**TASK DETAILS**
Could you copy the records below exactly, keeping none of the images?

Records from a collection
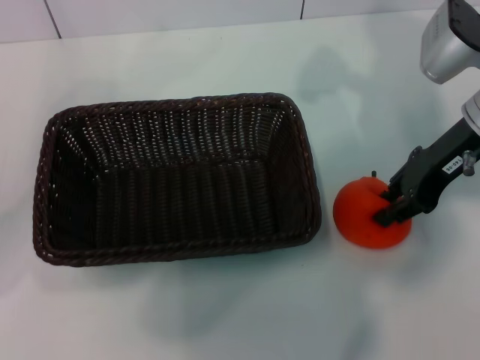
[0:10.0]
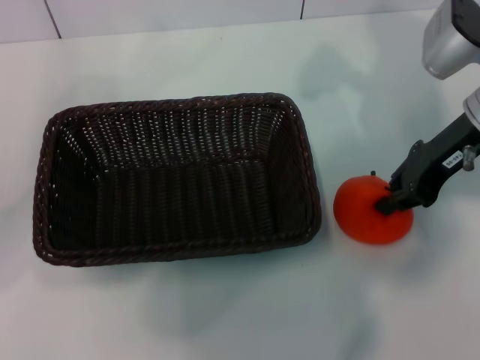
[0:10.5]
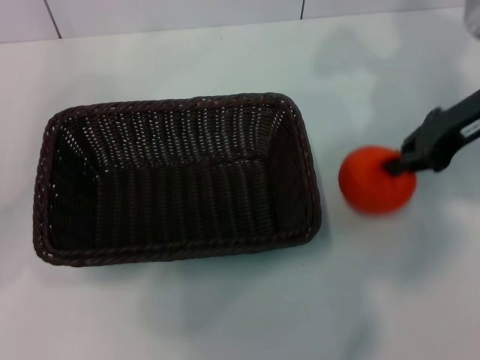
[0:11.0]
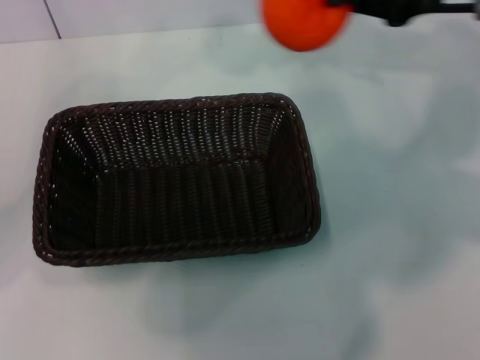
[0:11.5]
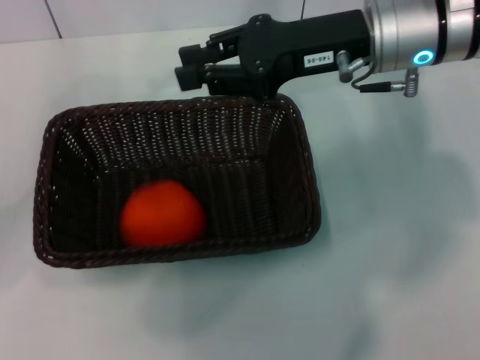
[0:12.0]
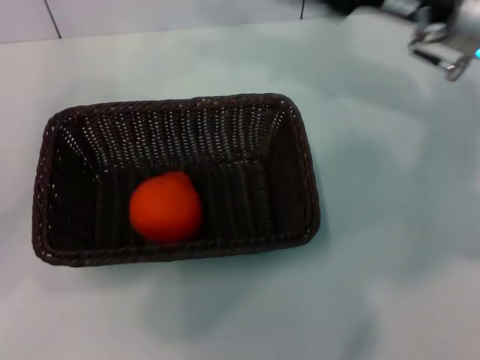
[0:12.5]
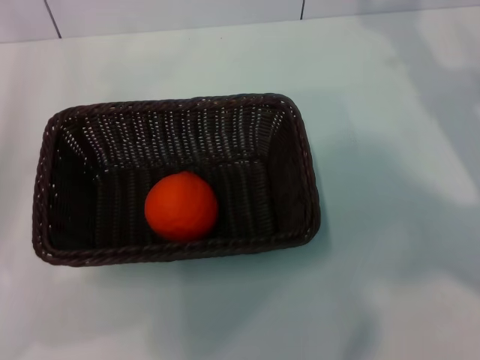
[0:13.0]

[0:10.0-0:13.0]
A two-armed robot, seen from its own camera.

**ANSWER SPACE**
[0:10.0]
[0:10.5]
[0:11.0]
[0:11.5]
[0:12.0]
[0:12.5]
[0:13.0]

[0:10.0-0:13.0]
A two-armed robot, seen from its own camera.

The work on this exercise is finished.